消失的民间服饰
2018-05-14徐平林
我的家乡在甘肃武威,又叫凉州,就是“车马相交错,歌吹日纵横”的那个古凉州。这是一个古老的地名,光凭这名字,便能引发文人墨客的遐想。西北地区,汉羌边界自古以来就是荒僻落后的代名词。小的时候,母亲叮咛最多的,便是让我努力发奋,有朝一日能够去更加繁华富饶的东部安家。母亲的话深深地刺激了我幼小的心灵,在那些朔风猎猎的日子里,尽管久居僻地,但仍然勤勉发奋,为的就是有朝一日真能够如母亲所言,走到更远的地方看看外面的世界。
儿时的记忆里除了弥漫的满天风沙,还有母亲宽大的衣襟和敞开的袖口,那袖口仿佛是一个百宝箱,能掏出玩具,能掏出糖果,能掏出各种让童年的自己乐开花的东西。逐渐长大后我才知道,母亲穿的其实是典型的藏族、汉族、羌族融合后的服饰。凉州曾是西北地区政治、文化中心,是五凉古都,又地处边塞关隘之处,是我国重要的多民族聚居地,分布着藏族、古羌族、维吾尔族等多个少数民族,在生活习惯和服饰穿着上也表现出多民族融合的特点。
童年的时候,身穿大襟袍子和翘头布靴的母亲看起来比男人还要英姿飒爽,受着高原强烈的紫外线照射,父亲母亲的皮肤都黑黢黢的,干完活后,显得更亮堂,像抹了油一般。母亲的衣裳大都是绛紫色、深蓝色,除去穿在里面的斜襟褂子,鲜少有颜色鲜艳的衣服。映着落日的余晖,母亲看起来宛如一尊庄重肃穆的雕像。那时周围的长辈们也都像母亲一样穿衣襟宽大的袍子,胸前背后还有深蓝色的刺绣。处在这样的环境中,于我而言,一切都是那么地自然而然。十七岁那年,直到去县城上中学,我才明白,原来外面的世界连和我们穿的衣服也是不同的。当时县城的经济相比于农村已经算是发达的,我甚至能从小小的县城里看到未来更大的世界的缩影。穿着母亲做的斜襟褂子的自己站在一群穿着夹克衫的同学中间,显得那样地特立独行,我甚至还因此感到过深深的自卑。
现在回想起来,才发觉当时的自己是多么不懂得珍惜呀。
高中毕业后,由于改革开放,家乡的街头巷尾也遍布穿西式夹克衫的人了,连母亲也不再费时费力地自己做衣裳穿,宽大的袖口变成了窄小的松紧带袖子。一种怅然若失的感觉充盈在我的心头,说不清究竟缺少了什么,只觉得家乡变得不像家乡,凉州真正变成了现代的、先进的武威市了。
其实我明白,我所追寻的家乡的踪迹,实际上不是无迹可寻的,它就在母亲宽大的衣袖里,在乡亲们粗犷的刺绣中。那些代表了我们文化根源的、融合了多民族特色的服饰,受到大机器生产浪潮的席卷,就那样在几年间消失得无影无踪了。穿着民间服饰真的就要和不现代、不先进画上等号吗?当然不是。

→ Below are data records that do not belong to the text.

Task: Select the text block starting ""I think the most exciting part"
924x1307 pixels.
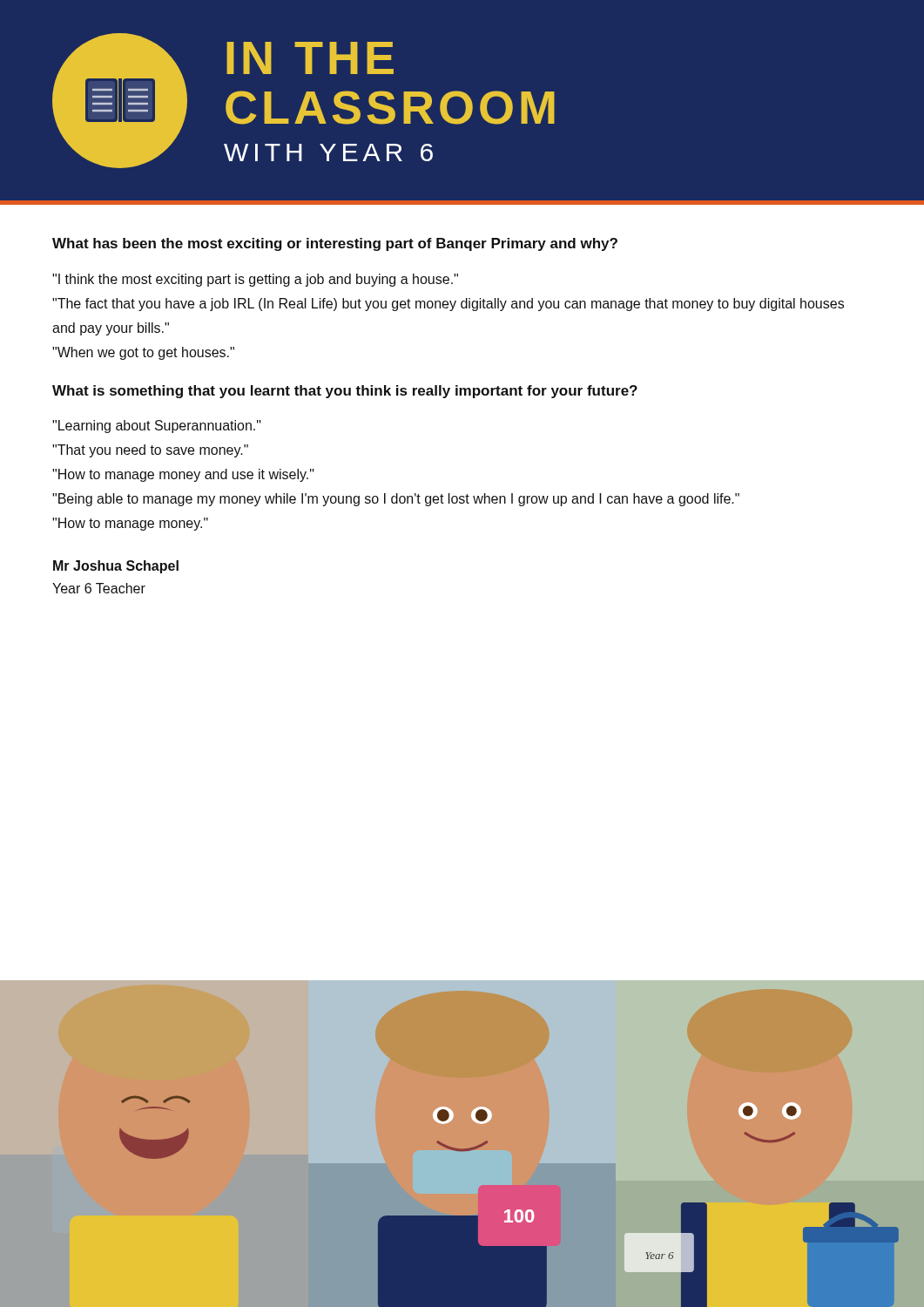Action: [x=448, y=316]
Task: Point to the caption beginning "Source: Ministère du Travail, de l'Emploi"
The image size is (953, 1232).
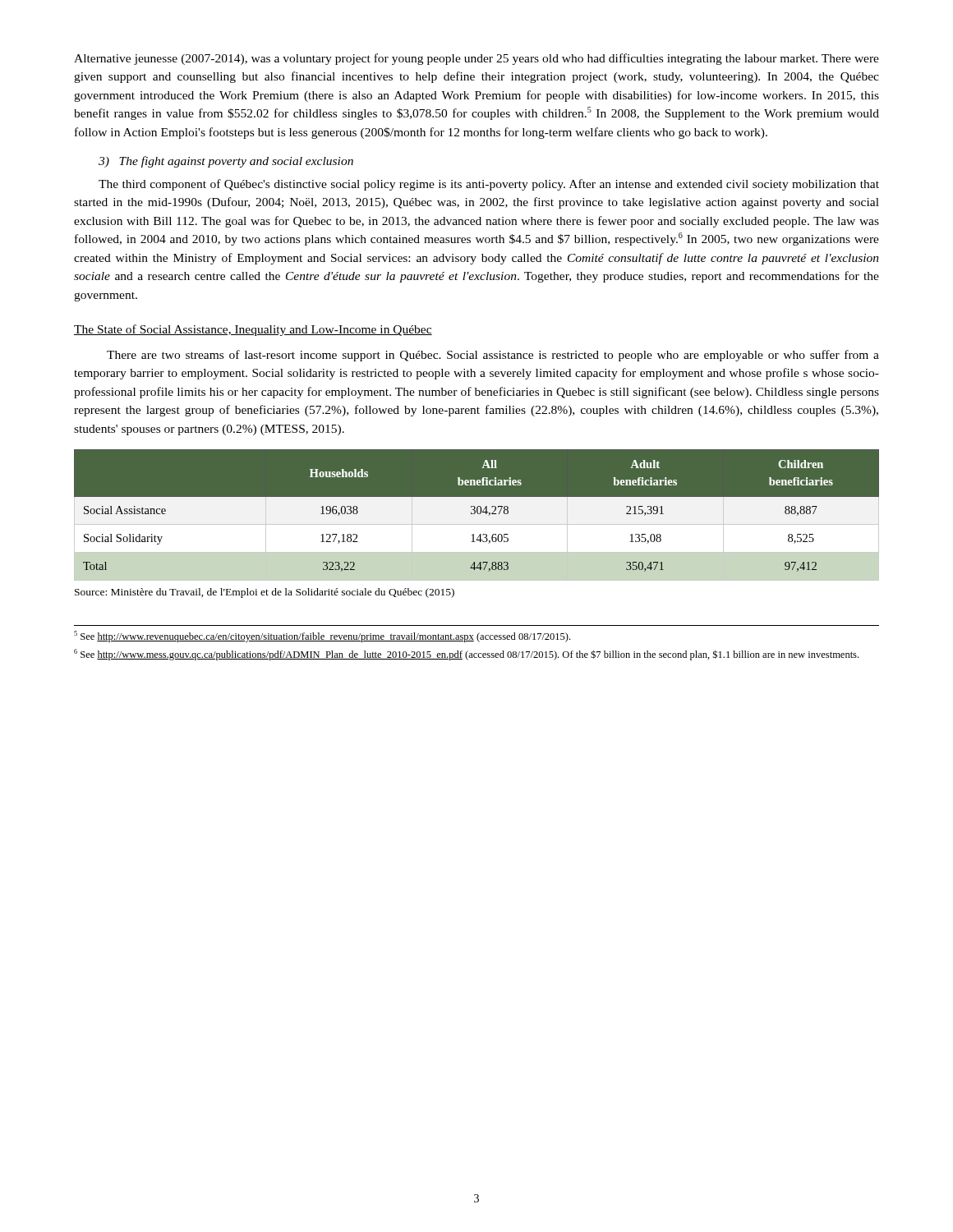Action: (x=264, y=592)
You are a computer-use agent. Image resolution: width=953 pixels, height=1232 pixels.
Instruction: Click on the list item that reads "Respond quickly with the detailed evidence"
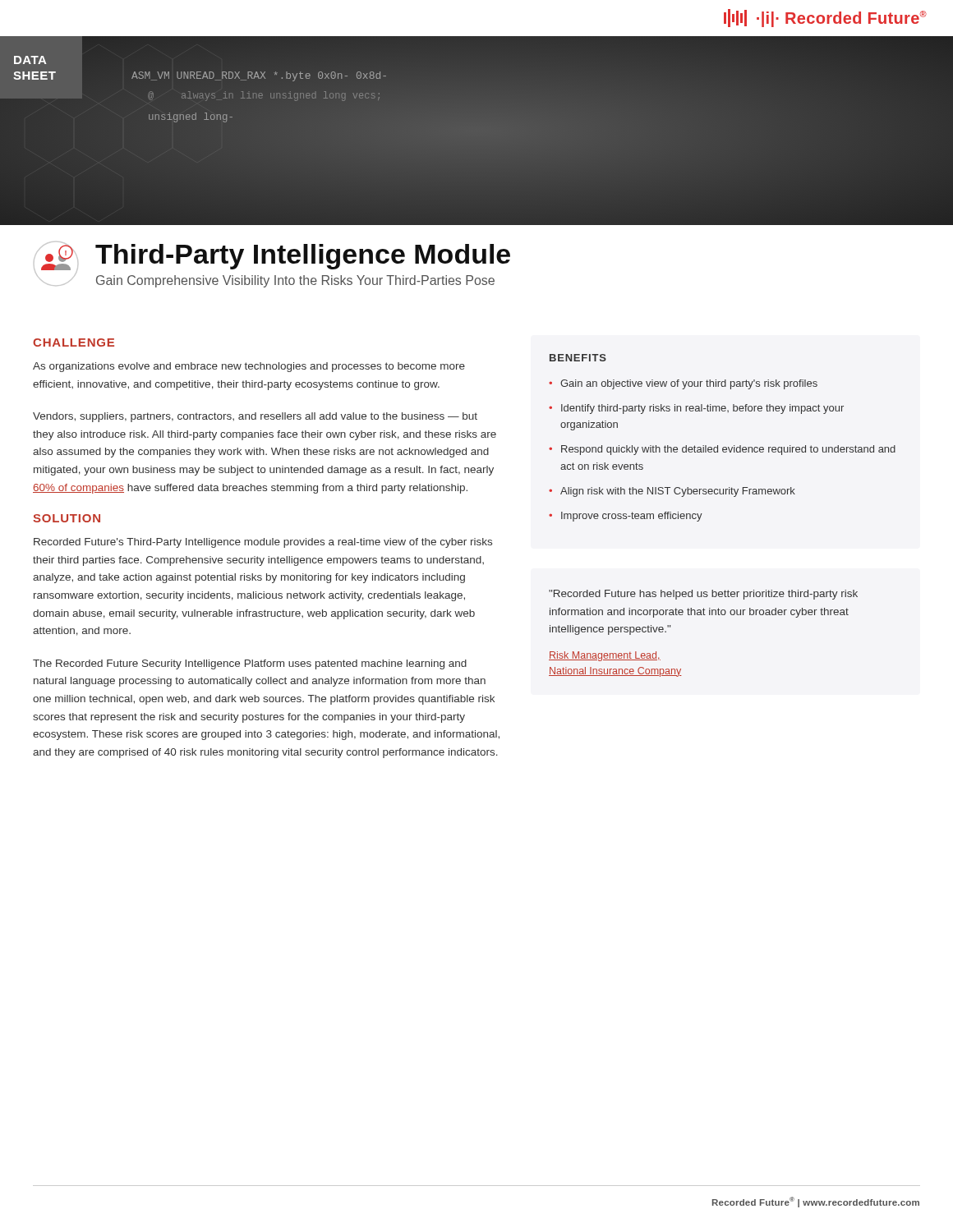pyautogui.click(x=728, y=457)
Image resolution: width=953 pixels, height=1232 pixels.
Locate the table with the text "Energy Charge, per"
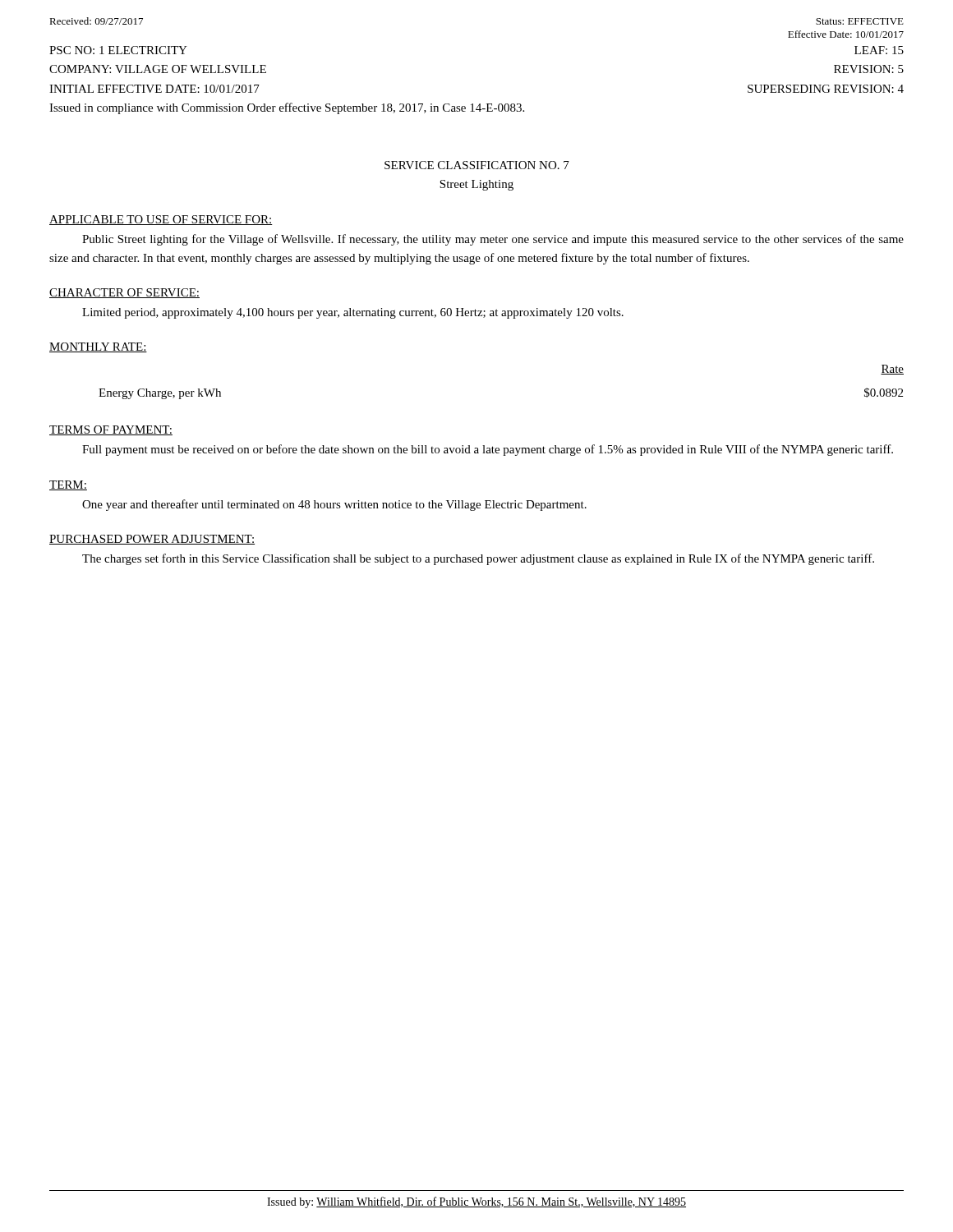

作为边塞重镇、五凉古都,凉州拥有着多元的、杂糅的民族文化,正因如此,武威市才被评选为我国历史文化名城。历史是风沙堆积起的历史,而文化正是那看似落后原始,实则淳朴深厚的民间文化呀。倘若缺少了承载民族文化的民间服饰,武威又怎么能当之无愧地被称为历史文化名城呢?倘若故土失卻了那些手工的刺绣工匠,失落了那些传承至今的文明,恐怕凉州的那缕精魂也会随之消失吧。
作者简介:徐平林,男,满族,1989年毕业于中央民族学院中文系。现为甘肃省武威市文化馆馆长。主要进行书法、绘画、摄影、民间文学创作。